At the moment there is no such intention, unfortunately. Fanni Tóth, activist for the organisation A Város Mindenkié (The City is for All), has witnessed many situations where councils have put families out onto the streets, not paying attention to the fact that the eviction meant the destruction of the family. And just a little addition about what a child in a situation like this can expect: If the process of removing the child from the family does not happen before the eviction, then the child protection worker who arrives alongside the executor takes the traumatised child to a temporary collection centre, where a report is written about his or her circumstances within 30 days. There is no immediate psychological help; the overworked social workers can’t pay enough attention to the child. Sometimes there is not enough room – even though the number of places is restricted to 40, the place is required to take in all children, even if that means there are 60 of them.

The last resort of homeless families is often Temporary Family Homes, but the waiting list for these institutions can be up to six months, and those who have just been evicted don’t necessarily have priority. These institutions don’t provide a permanent solution for these families that a council flat would.

“The original purpose of these homes is to solve the temporary problem of living arrangements. But if you think about it, they are only an alternative to homelessness. Children grow up while their families are circulated around these institutions by the system. The only solution would be the development of the council flat system – experts working in the field have been raising this for a long time. There is also a need for social workers who can help the families live an independent life. But all these investments seem little compared to how much it costs for the state to support the individuals in a family, and most children living under protection will become just like their parents: They won’t become taxpayers, but they will be in need of the same support of the state for the rest of their lives,” says Dr Győrffy.

Campaign for the families

A Város Mindenkié aims to lawfully prevent these issues. It would guarantee that families with children cannot be evicted without being looked after at the same time by making two amendments to the law. “One of the proposals aims to amend the implementation law and applies to evictions from council flats and evictions due to mortgage related problems. This would not allow eviction to happen until the court makes sure that the family has somewhere to go. The other one aims to include in social law that the responsibility of the housing belongs to the council,” explains Tóth.

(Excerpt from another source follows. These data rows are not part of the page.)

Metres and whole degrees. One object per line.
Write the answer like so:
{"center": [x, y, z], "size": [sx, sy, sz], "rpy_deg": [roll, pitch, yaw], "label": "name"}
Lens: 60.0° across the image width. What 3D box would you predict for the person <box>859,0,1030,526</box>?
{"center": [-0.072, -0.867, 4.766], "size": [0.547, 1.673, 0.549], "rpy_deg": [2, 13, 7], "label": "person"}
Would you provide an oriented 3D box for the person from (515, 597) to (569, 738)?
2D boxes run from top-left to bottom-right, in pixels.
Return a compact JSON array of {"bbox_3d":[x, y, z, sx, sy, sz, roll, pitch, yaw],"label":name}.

“The main point of this is that in case eviction happens the council must provide the family with a liveable and decent place in the area – of course in this case the family have to take steps, too, for example paying the bills properly. Developing the system of social council flats is necessary for all this to happen.”

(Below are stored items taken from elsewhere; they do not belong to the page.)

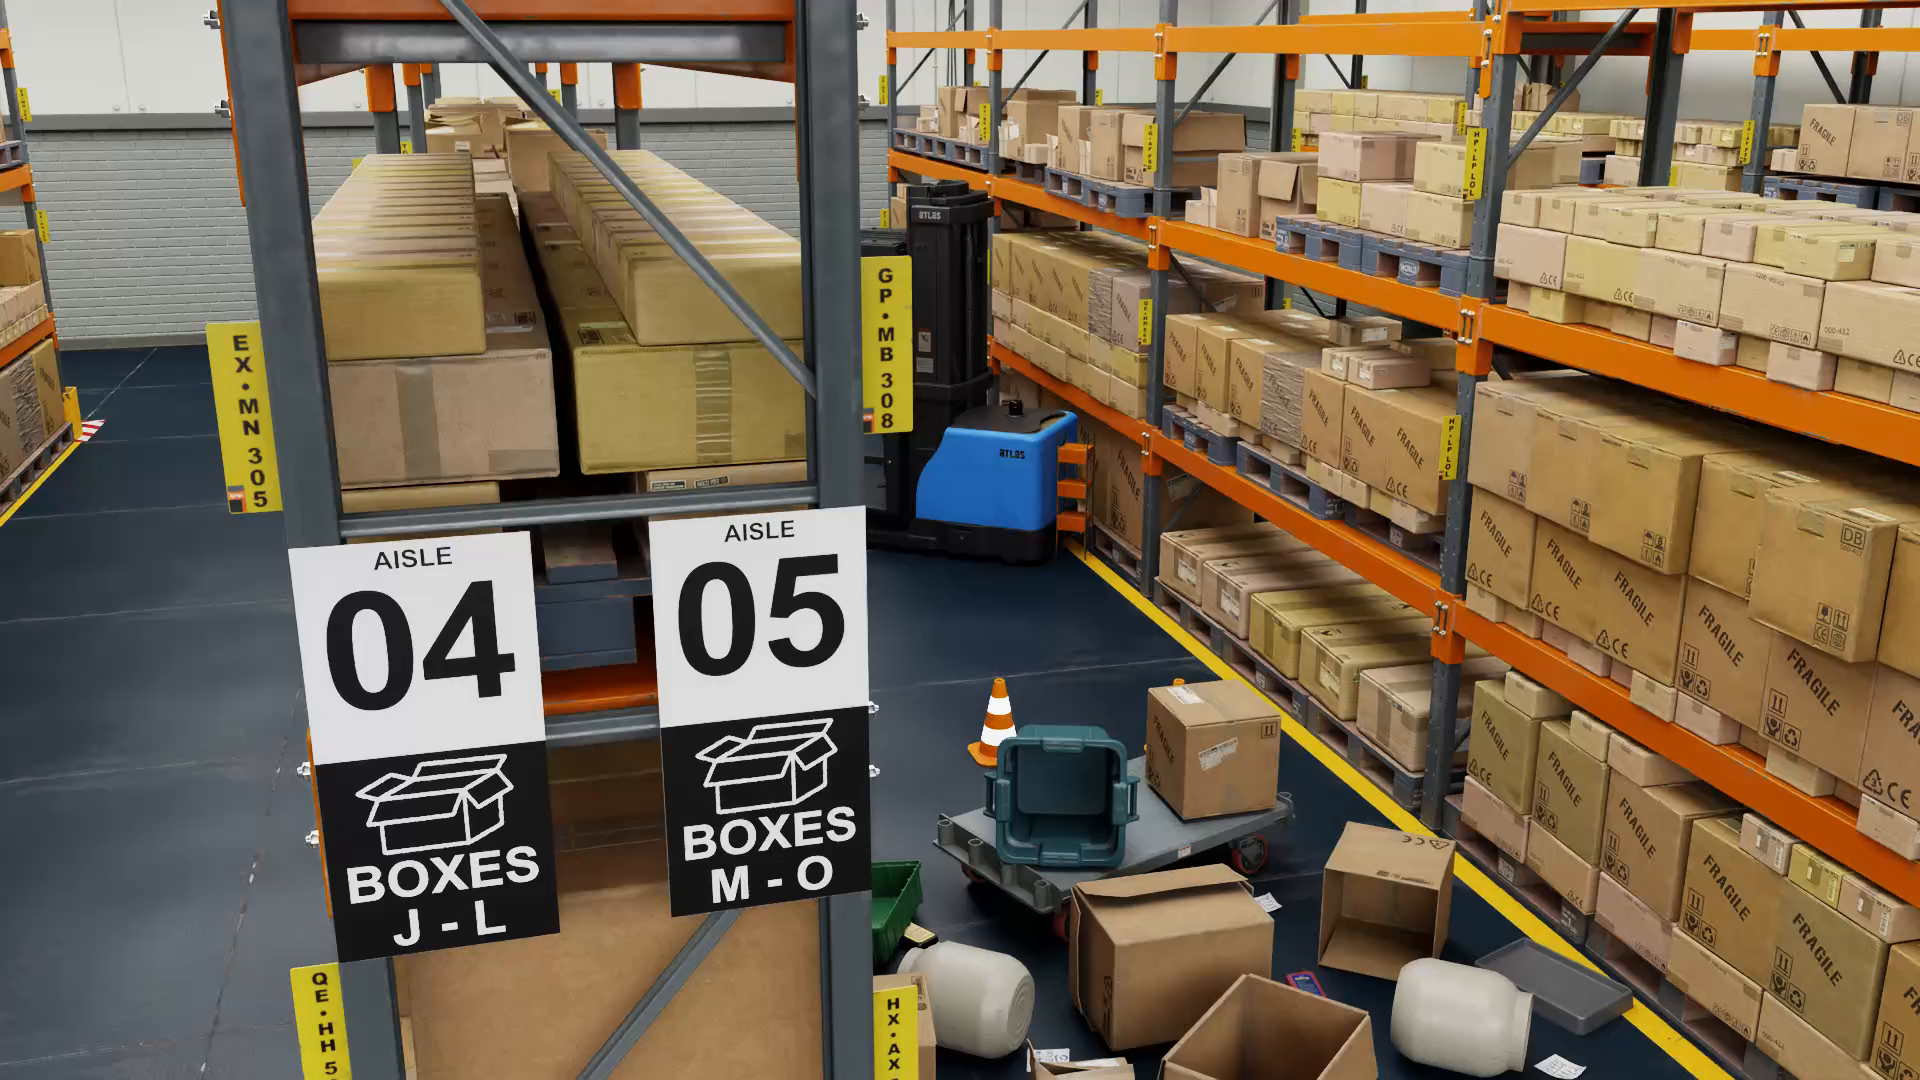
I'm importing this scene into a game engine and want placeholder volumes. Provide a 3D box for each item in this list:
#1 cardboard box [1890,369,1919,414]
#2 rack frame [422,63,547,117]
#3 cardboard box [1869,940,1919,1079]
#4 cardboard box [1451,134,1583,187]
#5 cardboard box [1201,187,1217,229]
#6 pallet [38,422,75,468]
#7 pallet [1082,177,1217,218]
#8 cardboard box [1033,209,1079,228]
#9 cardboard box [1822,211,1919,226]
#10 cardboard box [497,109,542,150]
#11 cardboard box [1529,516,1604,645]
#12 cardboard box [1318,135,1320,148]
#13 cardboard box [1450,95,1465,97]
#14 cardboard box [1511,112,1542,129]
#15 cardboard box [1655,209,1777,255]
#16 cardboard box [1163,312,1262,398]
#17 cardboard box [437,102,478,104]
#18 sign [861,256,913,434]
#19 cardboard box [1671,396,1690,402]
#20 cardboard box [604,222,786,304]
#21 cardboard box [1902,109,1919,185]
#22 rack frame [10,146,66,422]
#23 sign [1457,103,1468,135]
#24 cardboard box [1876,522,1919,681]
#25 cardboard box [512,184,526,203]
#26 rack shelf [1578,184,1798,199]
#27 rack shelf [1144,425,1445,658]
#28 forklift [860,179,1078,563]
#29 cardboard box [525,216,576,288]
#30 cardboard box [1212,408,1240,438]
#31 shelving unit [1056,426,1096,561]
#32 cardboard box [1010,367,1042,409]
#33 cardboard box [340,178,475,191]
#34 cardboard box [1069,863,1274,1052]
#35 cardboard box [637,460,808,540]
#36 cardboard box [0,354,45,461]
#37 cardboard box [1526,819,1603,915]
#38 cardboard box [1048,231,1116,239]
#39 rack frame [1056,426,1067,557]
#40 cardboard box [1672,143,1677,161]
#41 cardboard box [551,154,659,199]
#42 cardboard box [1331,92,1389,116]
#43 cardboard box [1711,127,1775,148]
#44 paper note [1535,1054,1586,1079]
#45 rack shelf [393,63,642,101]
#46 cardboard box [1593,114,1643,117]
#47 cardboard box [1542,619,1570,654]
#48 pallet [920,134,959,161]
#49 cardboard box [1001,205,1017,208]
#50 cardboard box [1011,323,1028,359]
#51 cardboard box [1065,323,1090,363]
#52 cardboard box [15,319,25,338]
[{"bbox_3d":[3.433,-0.516,5.679,0.380,0.149,0.250,-5,17,-16],"label":"cardboard box"},{"bbox_3d":[-3.970,-4.613,13.668,1.000,3.000,0.127,-5,17,-15],"label":"rack frame"},{"bbox_3d":[3.589,1.715,5.774,0.500,0.500,0.500,-5,17,-15],"label":"cardboard box"},{"bbox_3d":[3.039,-2.082,9.118,0.500,0.250,0.500,-5,17,-16],"label":"cardboard box"},{"bbox_3d":[1.854,-2.254,11.262,0.396,0.266,0.258,-5,17,-15],"label":"cardboard box"},{"bbox_3d":[-9.571,-0.932,16.688,1.003,0.211,1.213,-5,17,-15],"label":"pallet"},{"bbox_3d":[1.633,-2.573,12.419,1.213,0.211,1.003,-4,17,-13],"label":"pallet"},{"bbox_3d":[0.925,-3.105,16.035,0.380,0.149,0.250,-5,17,-16],"label":"cardboard box"},{"bbox_3d":[3.679,-1.221,6.639,0.380,0.149,0.250,-4,17,-15],"label":"cardboard box"},{"bbox_3d":[-2.966,-2.829,11.436,0.396,0.266,0.258,-5,17,-15],"label":"cardboard box"},{"bbox_3d":[2.974,0.144,7.569,0.500,0.500,0.500,-5,17,-15],"label":"cardboard box"},{"bbox_3d":[4.419,-4.649,19.439,0.380,0.149,0.250,-4,17,-14],"label":"cardboard box"},{"bbox_3d":[5.514,-4.601,17.717,0.500,0.250,0.500,-5,17,-17],"label":"cardboard box"},{"bbox_3d":[5.364,-4.002,15.862,0.380,0.149,0.250,-5,17,-16],"label":"cardboard box"},{"bbox_3d":[3.060,-1.249,6.733,0.380,0.149,0.250,-5,18,-17],"label":"cardboard box"},{"bbox_3d":[1.762,-1.302,11.651,0.500,0.500,0.500,-5,17,-17],"label":"cardboard box"},{"bbox_3d":[-4.801,-4.102,15.879,0.380,0.149,0.250,-4,17,-13],"label":"cardboard box"},{"bbox_3d":[-0.137,-0.356,3.053,0.100,0.325,0.005,-5,17,-15],"label":"sign"},{"bbox_3d":[6.493,-1.219,15.284,0.380,0.149,0.250,-5,17,-16],"label":"cardboard box"},{"bbox_3d":[-0.596,-0.626,3.754,0.380,0.149,0.250,-5,17,-16],"label":"cardboard box"},{"bbox_3d":[6.877,-2.679,11.365,0.500,0.500,0.500,-4,17,-14],"label":"cardboard box"},{"bbox_3d":[-9.866,-2.483,17.003,1.000,3.000,0.127,-5,17,-15],"label":"rack frame"},{"bbox_3d":[5.014,-4.192,16.582,0.100,0.325,0.005,-5,17,-15],"label":"sign"},{"bbox_3d":[3.578,0.226,5.557,0.700,0.500,0.500,-5,17,-15],"label":"cardboard box"},{"bbox_3d":[-2.082,-1.683,8.457,0.396,0.266,0.258,-5,17,-15],"label":"cardboard box"},{"bbox_3d":[6.083,-3.092,15.068,1.077,0.370,4.000,-5,17,-15],"label":"rack shelf"},{"bbox_3d":[2.411,-0.155,10.506,1.077,0.370,4.000,-5,17,-15],"label":"rack shelf"},{"bbox_3d":[-0.580,-1.473,13.761,3.031,2.935,1.130,7,18,22],"label":"forklift"},{"bbox_3d":[-1.115,-0.889,5.325,0.500,0.250,0.500,-5,17,-16],"label":"cardboard box"},{"bbox_3d":[1.904,-0.791,11.080,0.380,0.149,0.250,-5,17,-15],"label":"cardboard box"},{"bbox_3d":[0.928,-0.375,13.374,0.252,1.050,0.215,7,18,21],"label":"shelving unit"},{"bbox_3d":[1.009,-1.178,15.623,0.875,0.875,0.875,-4,17,-14],"label":"cardboard box"},{"bbox_3d":[-1.647,-0.995,4.984,0.380,0.149,0.250,-5,17,-15],"label":"cardboard box"},{"bbox_3d":[0.878,1.747,7.027,0.797,0.637,0.503,-5,17,-15],"label":"cardboard box"},{"bbox_3d":[-0.458,-0.106,3.411,0.380,0.149,0.250,-5,17,-15],"label":"cardboard box"},{"bbox_3d":[-9.363,-1.244,15.842,0.875,0.875,0.875,-5,17,-15],"label":"cardboard box"},{"bbox_3d":[3.021,1.500,7.793,0.500,0.250,0.500,-4,17,-12],"label":"cardboard box"},{"bbox_3d":[1.126,-2.583,15.424,0.500,0.500,0.500,-4,17,-13],"label":"cardboard box"},{"bbox_3d":[0.815,-0.388,13.418,0.008,1.050,0.200,7,18,21],"label":"rack frame"},{"bbox_3d":[6.093,-3.295,14.060,0.380,0.149,0.250,-5,17,-15],"label":"cardboard box"},{"bbox_3d":[-1.295,-1.329,6.094,0.380,0.149,0.250,-5,17,-15],"label":"cardboard box"},{"bbox_3d":[4.587,-4.983,18.989,0.500,0.250,0.500,-5,17,-16],"label":"cardboard box"},{"bbox_3d":[6.254,-3.217,13.283,0.380,0.149,0.250,-4,17,-13],"label":"cardboard box"},{"bbox_3d":[2.444,2.143,6.765,0.142,0.019,0.148,-12,20,-34],"label":"paper note"},{"bbox_3d":[-2.321,-2.418,8.304,1.077,0.370,4.000,-5,17,-15],"label":"rack shelf"},{"bbox_3d":[6.034,-3.825,15.275,0.380,0.149,0.250,-5,17,-15],"label":"cardboard box"},{"bbox_3d":[2.960,0.423,7.767,0.380,0.149,0.250,-5,17,-16],"label":"cardboard box"},{"bbox_3d":[0.215,-4.118,17.386,1.003,0.211,1.213,-5,17,-15],"label":"pallet"},{"bbox_3d":[0.344,-3.208,16.379,0.380,0.149,0.250,-5,17,-15],"label":"cardboard box"},{"bbox_3d":[0.773,-1.802,14.998,0.500,0.250,0.500,-5,17,-17],"label":"cardboard box"},{"bbox_3d":[1.179,-1.616,13.510,0.500,0.250,0.500,-5,17,-17],"label":"cardboard box"},{"bbox_3d":[-9.169,-2.007,15.857,0.380,0.149,0.250,-5,17,-16],"label":"cardboard box"}]

This wouldn’t be such a new thing really, but it would ensure that the intent of child protection laws are carried out: No child should be removed from a family due to the family being poor.

These proposals were created by lawyers and have been put forward by Parliamentary opposition several times, but so far without success. The petition and the campaign on the platform of aHang has now moved up a gear in the hope that in the spring parliamentary sessions – and before the release of the moratorium – amendments could be voted for by Parliament. The campaign, called Stopkilakoltatás (Stopeviction), aims to show everyone how different kinds of families are affected and that arranging housing for them is the only solution from a both human and economical points of view.

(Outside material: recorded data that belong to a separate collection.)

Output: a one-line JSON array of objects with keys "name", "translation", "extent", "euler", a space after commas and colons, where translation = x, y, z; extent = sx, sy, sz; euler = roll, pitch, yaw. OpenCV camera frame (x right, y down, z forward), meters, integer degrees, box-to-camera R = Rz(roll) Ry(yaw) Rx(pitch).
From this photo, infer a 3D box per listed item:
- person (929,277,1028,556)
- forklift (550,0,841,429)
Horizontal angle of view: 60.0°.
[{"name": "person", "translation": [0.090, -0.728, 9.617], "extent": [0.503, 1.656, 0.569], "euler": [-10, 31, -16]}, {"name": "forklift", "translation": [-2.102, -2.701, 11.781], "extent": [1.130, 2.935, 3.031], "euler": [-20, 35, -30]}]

A genuine face of all this is Fanni Tóth, who experienced the instability caused by losing her home as a child and as an adult as well. Along with others of her generation, her housing circumstances are still not stable: “I spend more than half of my salary renting a room. If anything were to happen to me, if I don’t have a job for a month, I can become homeless. And I’m a well-educated, middle class youngster from the city.”

Fanni was ten years old when the land on which her family home was built was auctioned due to a thoughtless third-party guarantee her grandparents arranged. Their situation got better when they managed to move into a council flat. Ten years later, Fanni arrived in an unstable situation again, this time because of the irresponsibility of her parents: They divorced and moved away from the city, leaving Fanni and her younger sister in the council flat owing hundreds of forints of overdue expenses. She put her student loan into paying off the debt, leaving her with nothing. Or maybe she still had a little: “I’m lucky because my friends paid for a ticket to Scotland for me, where I could start a new life. After that I came home and I live and work in Budapest, but I haven’t managed to finish university.”

According to official data, 22 families are evicted every day in Hungary. Families with or without children; old people, young people, educated people and non-educated people; people with foreign currency loans and squatters. Evicted because of outstanding debts or lost renovation bills, from a privately owned flat or from a council property. Each family has its own story and most of these stories we don’t know about: the eviction of families living in rented properties, or families living in properties to which they have no right, are not documented. Getting rid of them is not restricted by the moratorium either.

In a video on aHang you can see and hear one of the many stories. The Stopkilakoltatás campaign, the aim of which is to ensure by law that at least the families with children are protected, has started to show everyone there is a human solution. We just have to want it enough.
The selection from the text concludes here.